Alleluia, alleluia, alleluia

Homily

"When the day of Pentecost had come, they were all together in one place" (Acts 2:1). Fifty days had passed since Easter, and Jesus' disciples were gathered together with Mary and the other women in the upper room, as was by now their habit. Ever since Easter, Jesus' disciples had not stopped gathering together to pray, to listen to Scripture, and to live in fraternity. This apostolic tradition has never been interrupted, up to the present day. Not only in Jerusalem, but in many other cities in the world, Christians continue to gather "together in one place" to listen to the Word of God, to be nourished by the bread of life, and to continue to live together in memory of the Lord.
That day of Pentecost was decisive for the disciples because of what happened both inside and outside the upper room.

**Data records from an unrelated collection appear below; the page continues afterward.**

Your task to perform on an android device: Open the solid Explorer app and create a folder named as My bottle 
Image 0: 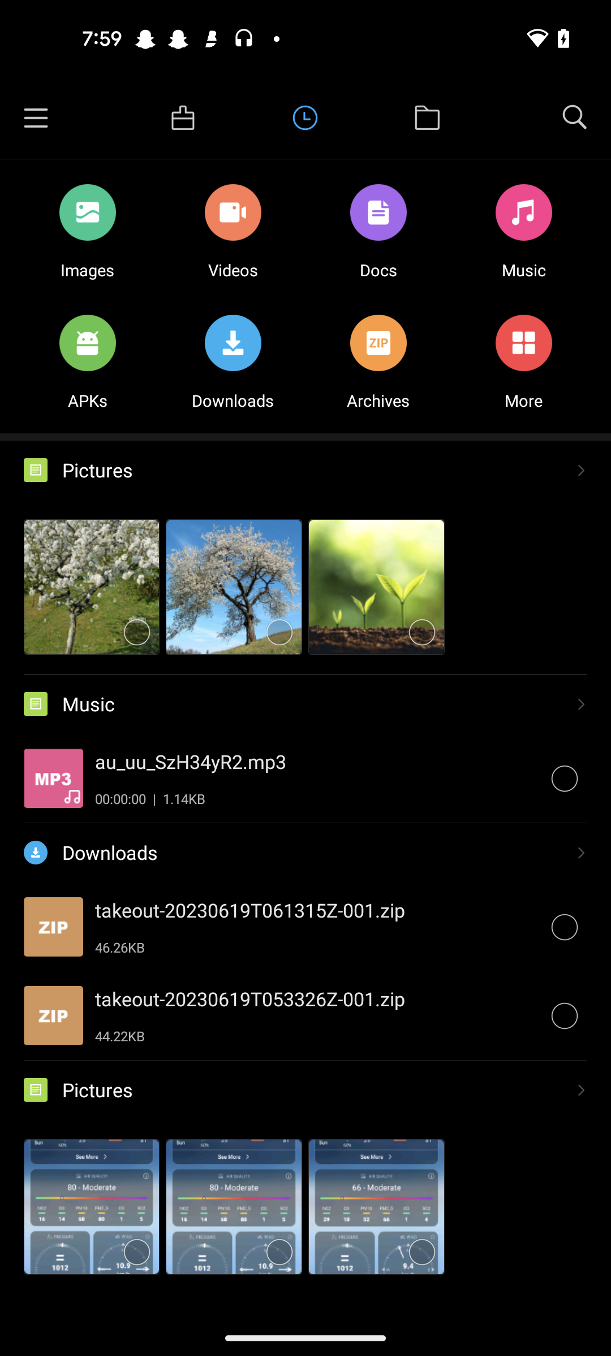
open solid Explorer app
Step 0: open app "Solid Explorer"
Image 2: 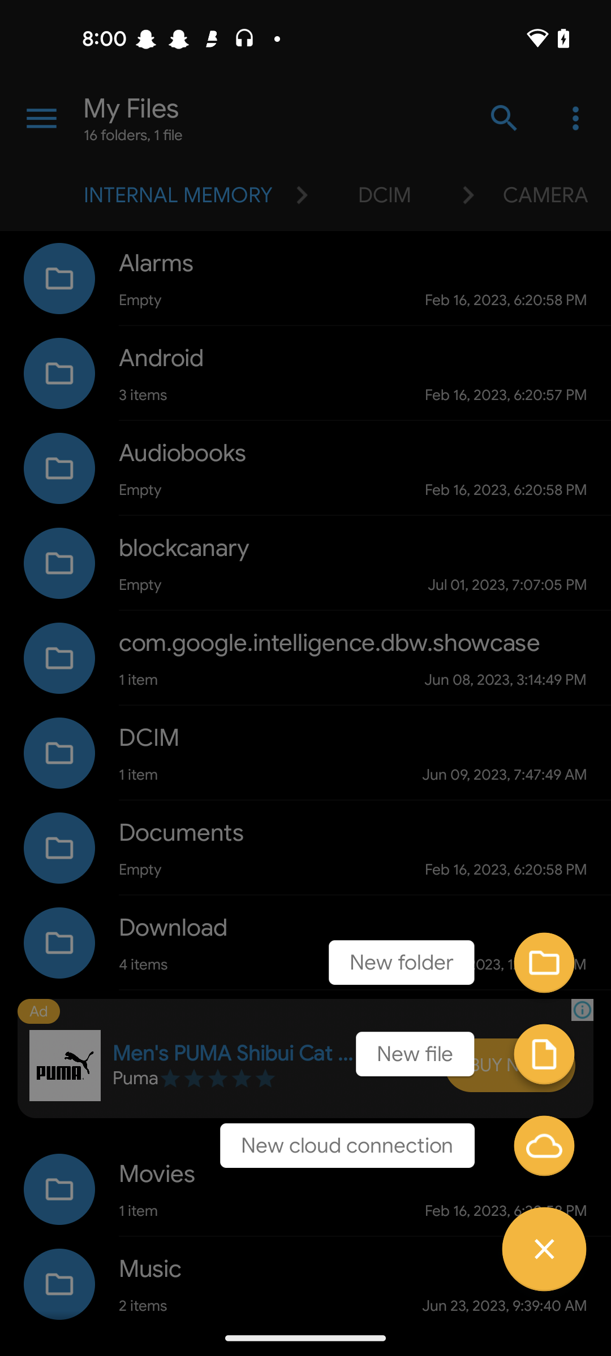
Click on the folder icon
Step 2: click (502, 964)
Image 3: 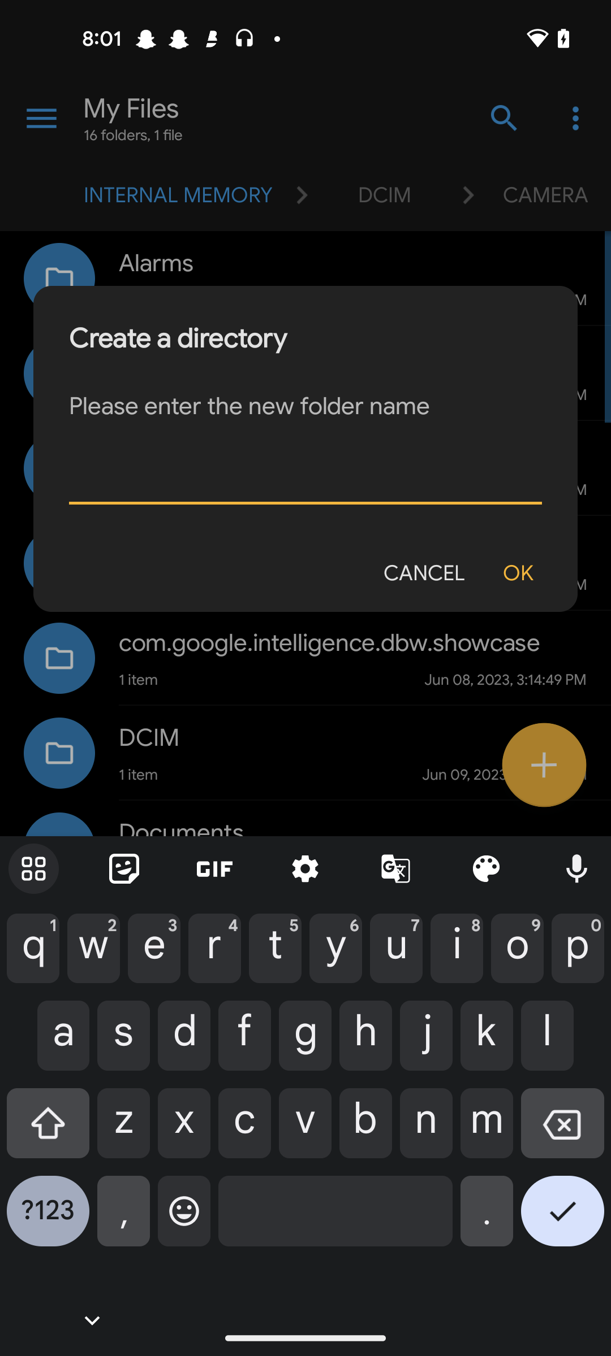
Enter folder name as My bottle 
Step 3: type " My bottle"
Image 4: 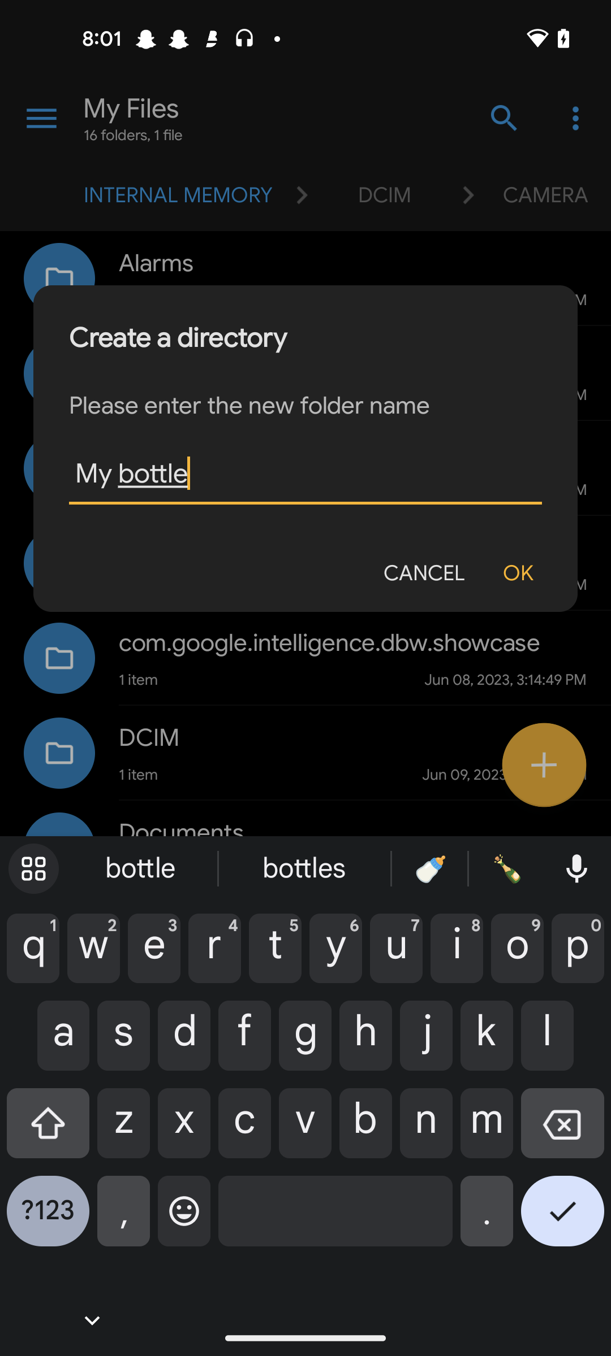
Click on the ok button
Step 4: click (518, 573)

The book of Acts narrates that, that afternoon, "suddenly from heaven there came a sound like the rush of a violent wind" against the house where the disciples were gathered. Inside the upper room, they experienced a true earthquake. Despite the fact that it was fundamentally an interior experience, it had a visible effect on them and their surroundings. They saw "divided tongues, as of fire, [which] appeared among them, and a tongue rested on each of them. All of them were filled with the Holy Spirit and began to speak in other languages." It was an experience that profoundly changed them all: the apostles, the disciples, and the women.
But that interior earthquake that changed the disciples' hearts also had effects outside. The locked door was opened and the disciples started to speak to the crowd that had begun to gather. The long and detailed list of peoples represents the presence of the entire world: all the nations are represented. And while Jesus' disciples speak, all the people understand them in their own language: "in our own languages we hear them speaking about God's deeds of power," they say in amazement. On that day, the Spirit of the Lord began to cross boundaries that seemed impassable. Pentecost put an end to Babel. The Holy Spirit inaugurated a new age, the age of communion and fraternity. And it is in Jerusalem - between the upper room and the square - that the Church begins: full of the Holy Spirit, the disciples overcome their fear and begin preaching. Jesus had said to them, "When the Spirit of truth comes, he will guide you into all the truth" (Jn 16:3).
The Spirit came, and from that day on he has continued to lead the disciples down the roads of the world. In the Letter to the Galatians, the apostle Paul writes, "the fruit of the Spirit is love, joy, peace, patience, kindness, generosity, faithfulness, gentleness, and self-control" (Gal 5:22). The entire world needs fruit like this. Pentecost is the beginning of the Church. The Holy Spirit is also being poured out over us, so that we can break out of the things that close us in and give witness to the Lord's love and proclaim his Gospel to all creatures to the ends of the earth.